[Date Prev][Date Next][Thread Prev][Thread Next][Date Index][Thread Index]
bug#29921: O(n^2) performance of rm -r
From: |
Niklas Hambüchen |
Subject: |
bug#29921: O(n^2) performance of rm -r |
Date: |
Mon, 1 Jan 2018 18:13:21 +0100 |
User-agent: |
Mozilla/5.0 (X11; Linux x86_64; rv:58.0) Gecko/20100101 Thunderbird/58.0 |
On 01/01/2018 17.40, Pádraig Brady wrote:
> The user and sys components of the above are largely linear,
> so the increasing delay is waiting on the device.
My understanding of commit 24412edeaf556a was that "waiting for the
device" is what's claimed to be nonlinear with the patch -- it
explicitly mentions that it fixes behaviour that's only present on
seeking devices, so that would be real time, not user/sys, right?
Also, the test added at the end of the patch measures real time, not
user/sys.
So I'm relatively sure that what Jim Meyering was measuring/fixing when
he wrote the patch and commit message was real time.
But it would be nice if he could confirm that.
> To confirm I did a quick check on a ramdisk (/dev/shm)
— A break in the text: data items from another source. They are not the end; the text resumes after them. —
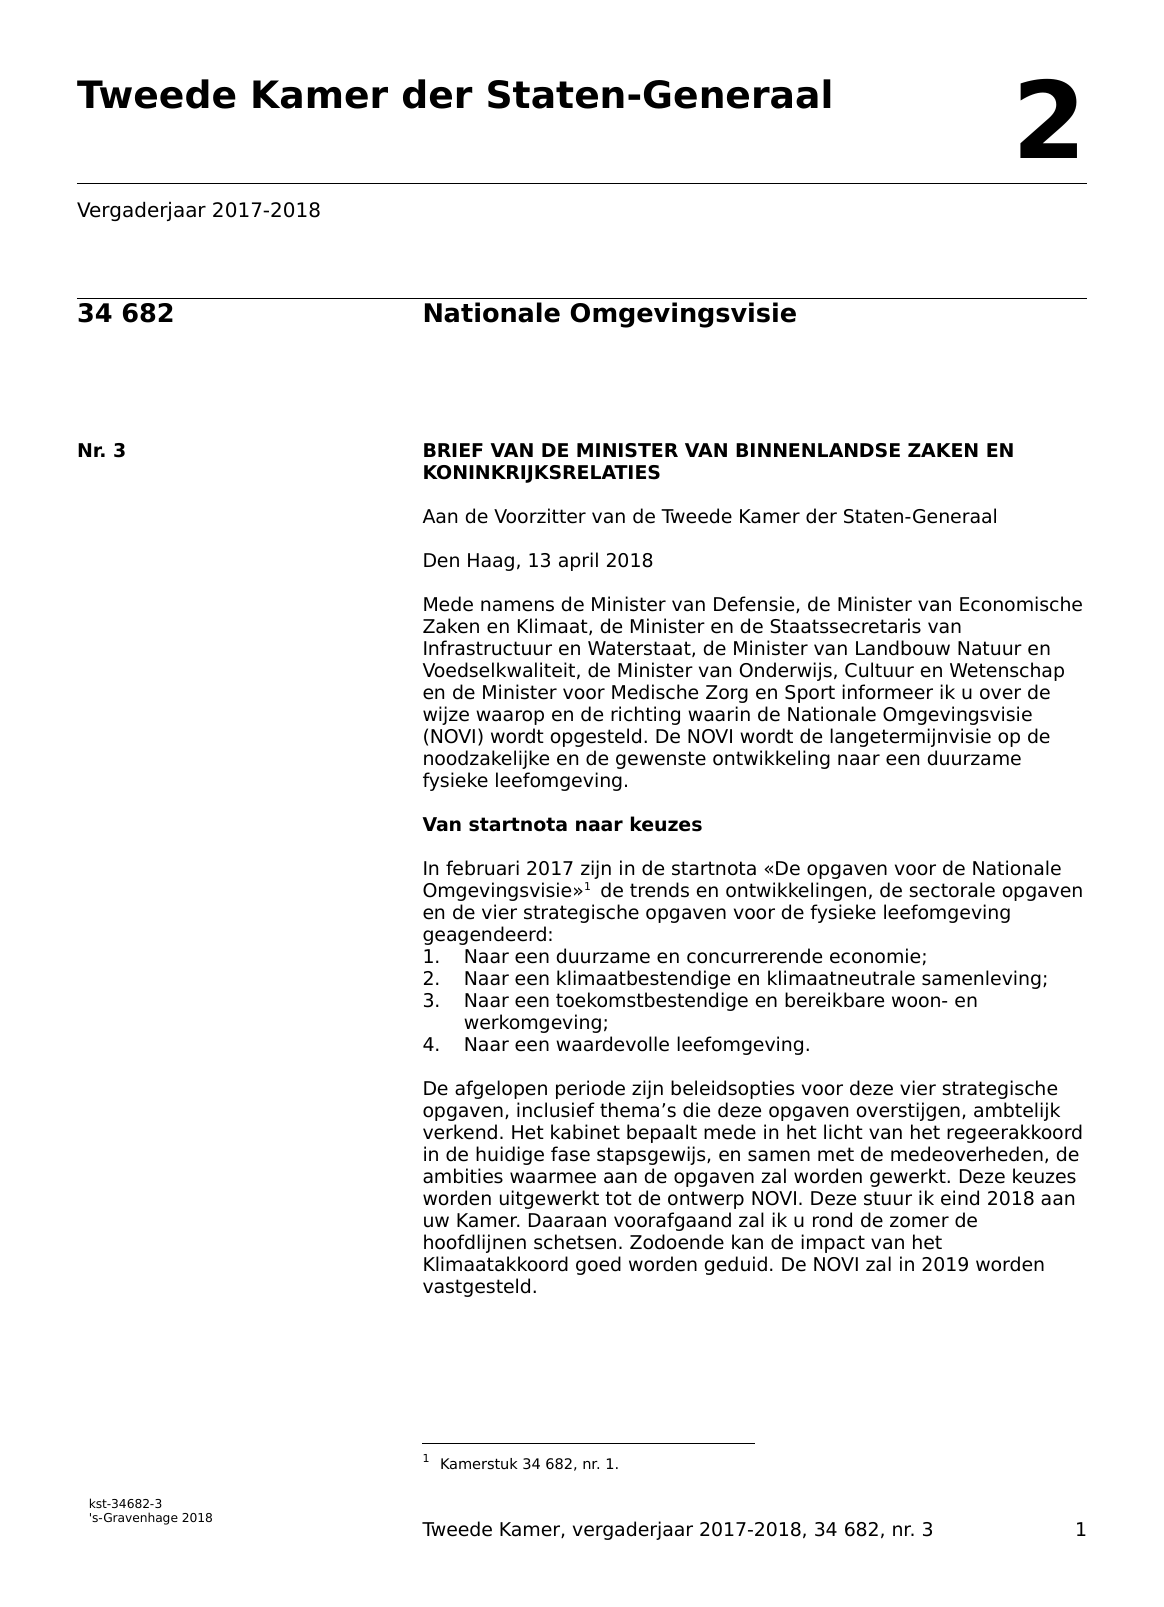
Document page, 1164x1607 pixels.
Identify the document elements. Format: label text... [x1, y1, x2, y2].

text Aan de Voorzitter van de Tweede Kamer der Staten-Generaal [422, 506, 1087, 528]
text Den Haag, 13 april 2018 [422, 550, 1087, 572]
text 's-Gravenhage 2018 [88, 1511, 323, 1525]
table_header 2 [886, 59, 1087, 183]
text 2. Naar een klimaatbestendige en klimaatneutrale samenleving; [422, 968, 1087, 990]
table_cell Vergaderjaar 2017-2018 [77, 184, 1087, 298]
text 4. Naar een waardevolle leefomgeving. [422, 1034, 1087, 1056]
text 3. Naar een toekomstbestendige en bereikbare woon- en werkomgeving; [422, 990, 1087, 1034]
text kst-34682-3 [88, 1497, 323, 1511]
subtitle 34 682 Nationale Omgevingsvisie [77, 299, 1087, 329]
table_header Tweede Kamer der Staten-Generaal [77, 59, 886, 183]
text Kamerstuk 34 682, nr. 1. [422, 1452, 1087, 1474]
text Mede namens de Minister van Defensie, de Minister van Economische Zaken en Klimaat, de Minister en de Staatssecretaris van Infrastructuur en Waterstaat, de Minister van Landbouw Natuur en Voedselkwaliteit, de Minister van Onderwijs, Cultuur en Wetenschap en de Minister voor Medische Zorg en Sport informeer ik u over de wijze waarop en de richting waarin de Nationale Omgevingsvisie (NOVI) wordt opgesteld. De NOVI wordt de langetermijnvisie op de noodzakelijke en de gewenste ontwikkeling naar een duurzame fysieke leefomgeving. [422, 594, 1087, 792]
subtitle Nr. 3 BRIEF VAN DE MINISTER VAN BINNENLANDSE ZAKEN EN KONINKRIJKSRELATIES [77, 440, 1087, 484]
text 1. Naar een duurzame en concurrerende economie; [422, 946, 1087, 968]
text In februari 2017 zijn in de startnota «De opgaven voor de Nationale Omgevingsvisie» de trends en ontwikkelingen, de sectorale opgaven en de vier strategische opgaven voor de fysieke leefomgeving geagendeerd: [422, 858, 1087, 946]
text De afgelopen periode zijn beleidsopties voor deze vier strategische opgaven, inclusief thema’s die deze opgaven overstijgen, ambtelijk verkend. Het kabinet bepaalt mede in het licht van het regeerakkoord in de huidige fase stapsgewijs, en samen met de medeoverheden, de ambities waarmee aan de opgaven zal worden gewerkt. Deze keuzes worden uitgewerkt tot de ontwerp NOVI. Deze stuur ik eind 2018 aan uw Kamer. Daaraan voorafgaand zal ik u rond de zomer de hoofdlijnen schetsen. Zodoende kan de impact van het Klimaatakkoord goed worden geduid. De NOVI zal in 2019 worden vastgesteld. [422, 1078, 1087, 1298]
subtitle Van startnota naar keuzes [422, 814, 1087, 836]

> to minimize the latency effects, and that showed largely
> linear behaviour in the real column also.
In the patch I linked, it says specifically
"RAM-backed file systems (tmpfs) are not affected,
since there is no seek penalty"
So I am not sure what checking on a ramdisk gains us here, unless you
think that this statement in the patch was incorrect.
> Note if you want to blow away a whole tree quite often,
> it may be more efficient to recreate the file system
> on a separate (loopback) device.
While a nice idea, this is not very practical advice, as when an
application goes crazy and writes millions of files onto the disk, I
can't just wipe the entire file system.
A O(n^2) wall-time `rm -r` is a big problem.
Of course it may not be coreutils's fault, but since coreutils was
clearly aware of the issue in the past and claimed it was fixed, I think
we should investigate to be really sure this isn't a regression anywhere
in the ecosystem.
> I presume that's coming from increased latency effects
> as the cached operations are sync'd more to the device
> with increasing numbers of operations.
> There are many Linux kernel knobs for adjusting
> caching behaviour in the io scheduler.
I don't follow this reasoning.
Should not any form of caching eventually follow linear behaviour?
Also, if it were as you said, shouldn't the `touch` also eventually
become quadratic?
It seems not so, creating the dir entries seems perfectly linear.